What I have learned in the first few months of being a father

Now, writing this blog, our daughter is almost 12 weeks old. What a journey it has been. I am going to try and use this time to express as honestly as I can what it’s like to be a father in the first few months. It’s genuinely hard to put into words. It challenges you in all areas; your patience, your relationships, your sleep, your work, literally everything. But wow it is the most magical time I have ever had in my life. You try to love something more and more every single day and in different ways, every single look they give you, every movement, every noise.

I almost missed the birth of my daughter. A few days before she was born, I woke up with every covid symptom, except having a temperature. My very pregnant wife had to drive me to the covid testing unit at the royal women’s hospital and waited while I got tested. Little did we know that she could be going into labor 2 days later, 8 days earlier than expected for her scheduled cesarean. I remember it was midnight and my wife woke up, saying her water had broken. “whaaaat, no chance”, I said. I called the hospital and they said to come in, so we did. I wasn’t allowed in, as I hadn’t yet received my results from my covid test yet. To hear the words, “your wife is having the baby in the next hour, but you will have to go home I’m so sorry” was one of the most confusing things in my life. There I was waiting in the car outside the Mater hospital for over an hour and a half, and my wife inside at 2 am in the morning, going into labor with 4-minute contractions, and I got sent home. I was literally pulling into our apartment block when the hospital called me saying they had called the Royal to get my results and they were negative and to come back. I drove extremely cautiously at 2:30 am back to the Mater, to then suit up to go into the delivery room to birth our first child with my wife. Given how little dads are needed at the start, in retrospect, it may not matter to some, but once I was in there going through it with my wife, there is no way I could have missed this!

The journey of being a father began here. I walk into the room with my scrubs to be acquainted with 12 random amazing and well, incredibly lively and enthusiastic staff who I had never met before, including the obstetrician. Ours was away on holiday, and her backup wasn’t answering his phone. We were just incredibly grateful that someone was around to deliver our child, and what an amazing and well, quite fast procedure it was. From 4 minute contractions to a needle in the spine, to delivery, and then breastfeeding all within the span of 45 minutes. I remember them passing our daughter over the blue curtains and shouting “it's a boy”, to everyone laughing confusingly and as nice as they could say, hmmm no it's a girl.

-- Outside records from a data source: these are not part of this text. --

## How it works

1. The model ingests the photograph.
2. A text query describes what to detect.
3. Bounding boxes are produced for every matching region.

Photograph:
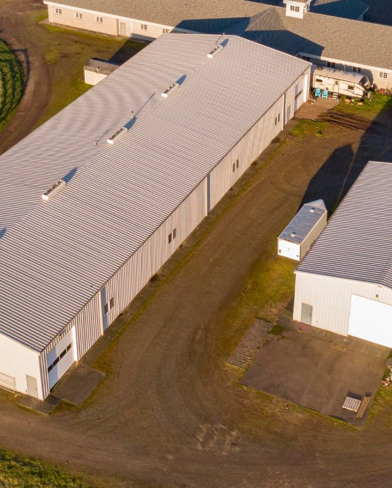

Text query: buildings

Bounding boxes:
[291,161,392,348]
[0,32,314,401]
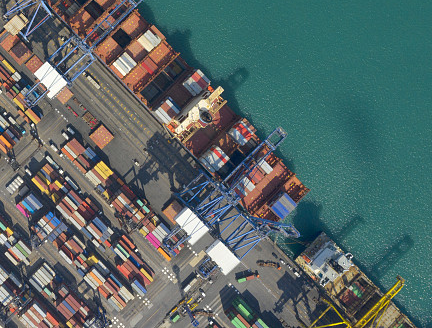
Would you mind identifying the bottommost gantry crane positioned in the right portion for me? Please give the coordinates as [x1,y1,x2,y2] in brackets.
[293,276,410,328]
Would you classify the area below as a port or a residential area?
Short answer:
port
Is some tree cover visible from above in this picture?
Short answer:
No
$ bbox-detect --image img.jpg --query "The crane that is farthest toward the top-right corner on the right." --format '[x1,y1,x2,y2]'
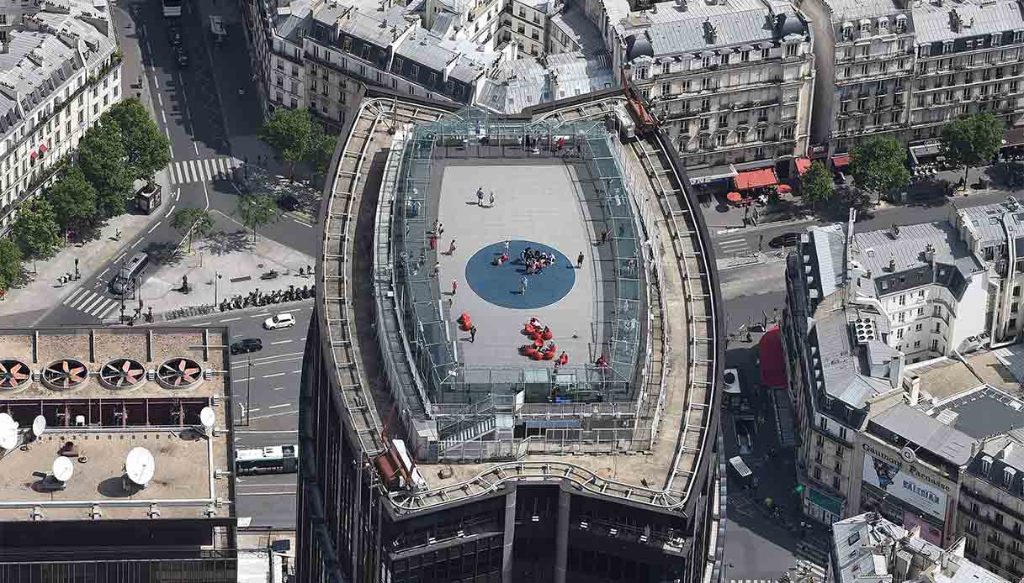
[617,67,661,150]
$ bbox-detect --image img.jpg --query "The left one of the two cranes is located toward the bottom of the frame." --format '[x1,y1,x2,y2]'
[373,407,427,502]
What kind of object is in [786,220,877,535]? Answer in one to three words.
building
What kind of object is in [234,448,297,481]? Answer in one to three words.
bus
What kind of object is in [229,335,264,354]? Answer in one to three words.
car
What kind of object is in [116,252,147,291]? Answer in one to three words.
van
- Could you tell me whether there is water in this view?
No
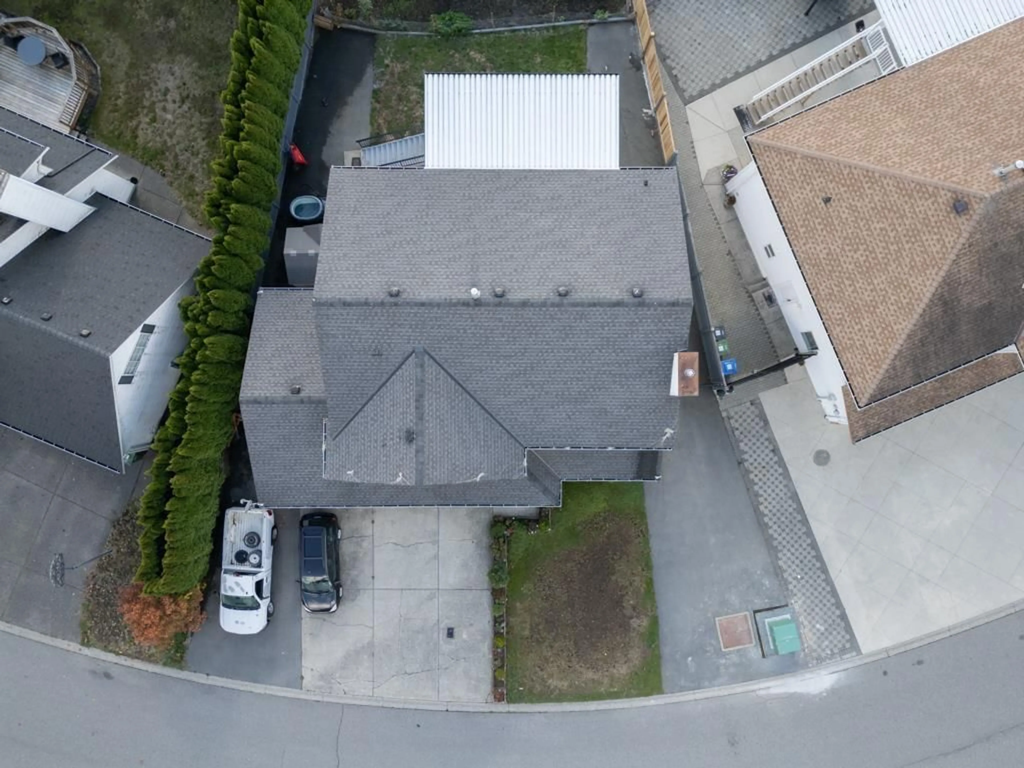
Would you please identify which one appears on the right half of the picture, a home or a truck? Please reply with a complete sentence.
There is a home on the right half of the picture.
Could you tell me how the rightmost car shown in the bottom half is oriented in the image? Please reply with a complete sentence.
In this picture, the rightmost car shown in the bottom half is oriented up and down.
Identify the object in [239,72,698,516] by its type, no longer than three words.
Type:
house
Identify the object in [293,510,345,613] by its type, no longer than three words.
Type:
car
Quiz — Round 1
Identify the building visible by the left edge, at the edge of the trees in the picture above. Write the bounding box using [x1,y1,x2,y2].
[0,103,217,475]
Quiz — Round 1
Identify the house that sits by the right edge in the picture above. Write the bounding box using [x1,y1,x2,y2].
[727,0,1024,446]
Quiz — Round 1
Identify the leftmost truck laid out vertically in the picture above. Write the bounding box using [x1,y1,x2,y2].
[219,500,279,635]
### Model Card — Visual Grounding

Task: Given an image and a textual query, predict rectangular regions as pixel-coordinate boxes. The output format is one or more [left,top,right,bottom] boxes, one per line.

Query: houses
[0,103,217,475]
[239,72,698,516]
[727,0,1024,446]
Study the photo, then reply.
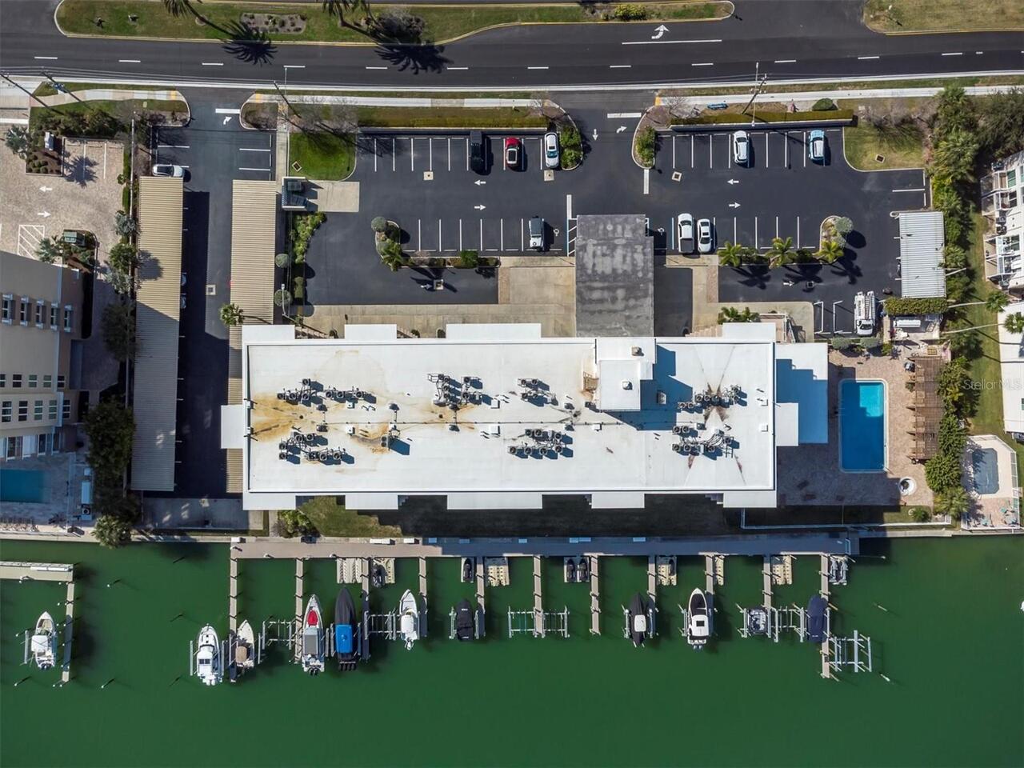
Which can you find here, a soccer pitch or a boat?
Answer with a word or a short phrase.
boat
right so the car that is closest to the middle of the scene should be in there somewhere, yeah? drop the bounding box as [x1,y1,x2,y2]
[529,215,544,249]
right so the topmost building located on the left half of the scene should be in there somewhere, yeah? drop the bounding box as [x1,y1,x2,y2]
[282,177,309,213]
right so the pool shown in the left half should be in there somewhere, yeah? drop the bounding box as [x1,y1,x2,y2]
[0,468,44,503]
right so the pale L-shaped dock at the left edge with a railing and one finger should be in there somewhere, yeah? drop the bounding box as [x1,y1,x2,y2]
[0,562,75,682]
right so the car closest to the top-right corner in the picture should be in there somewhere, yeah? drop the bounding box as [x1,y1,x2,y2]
[808,133,825,163]
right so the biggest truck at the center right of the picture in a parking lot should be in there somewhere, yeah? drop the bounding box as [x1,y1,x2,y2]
[853,289,877,335]
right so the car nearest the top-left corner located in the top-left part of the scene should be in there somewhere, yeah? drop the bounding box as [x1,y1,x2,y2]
[153,163,188,178]
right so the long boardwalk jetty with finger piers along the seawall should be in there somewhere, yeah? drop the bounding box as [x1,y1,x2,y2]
[231,535,859,559]
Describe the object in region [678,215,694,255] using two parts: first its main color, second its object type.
white vehicle
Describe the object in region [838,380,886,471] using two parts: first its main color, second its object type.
blue swimming pool
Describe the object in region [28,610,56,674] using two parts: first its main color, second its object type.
white boat
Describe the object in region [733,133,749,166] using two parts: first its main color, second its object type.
white car
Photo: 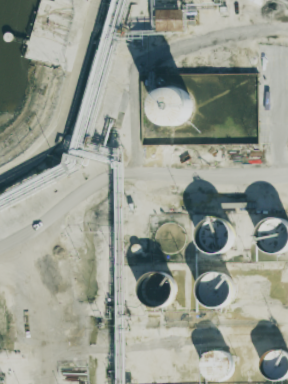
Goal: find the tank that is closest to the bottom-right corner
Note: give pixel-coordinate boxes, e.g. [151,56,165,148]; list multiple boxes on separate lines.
[260,348,288,382]
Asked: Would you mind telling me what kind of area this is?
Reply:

During the time we spent in the hospital, which ended up being 9 days due to an eye infection and mild respiratory issues, the hospital and their service were just incredible. They are there to attend to the mothers and child's every wish and need. Initially, I felt a bit lost in it all and, well neglected isn’t the right word, but it was all about Mum and baby. I was fine with this, to be honest, but it’s hard not to think about it, well what about Dad? What about what he has, is, and will go through. At the Mater, they actually provided Men’s groups every Tuesday and Thursday, where any new father could attend to learn and discuss what it’s like to be a father, and how can we support Mum better. This was incredibly helpful for all the dads. We could all get together and chat about what just happened and how we can be the best husbands, fathers for our family. I was the only one who actually brought my child with me to the meeting but thankfully she slept the whole time. We all hoped and wished this is what it’s going to be like for the future. We all soon learned that was not the case. After this meeting, I thought it would be a great idea to grab the other father's contact details and we have been sharing our experiences since and are due to catch up soon with our children to chat about fatherhood and things we have learned and can share. I think this is incredible for all new fathers to really take the time to do and/or to find, if it’s not offered at the hospital you are at. Men need to be able to express their emotions and thoughts openly to people who are going through the same things, as a new father, in a group where you can trust others and be honest.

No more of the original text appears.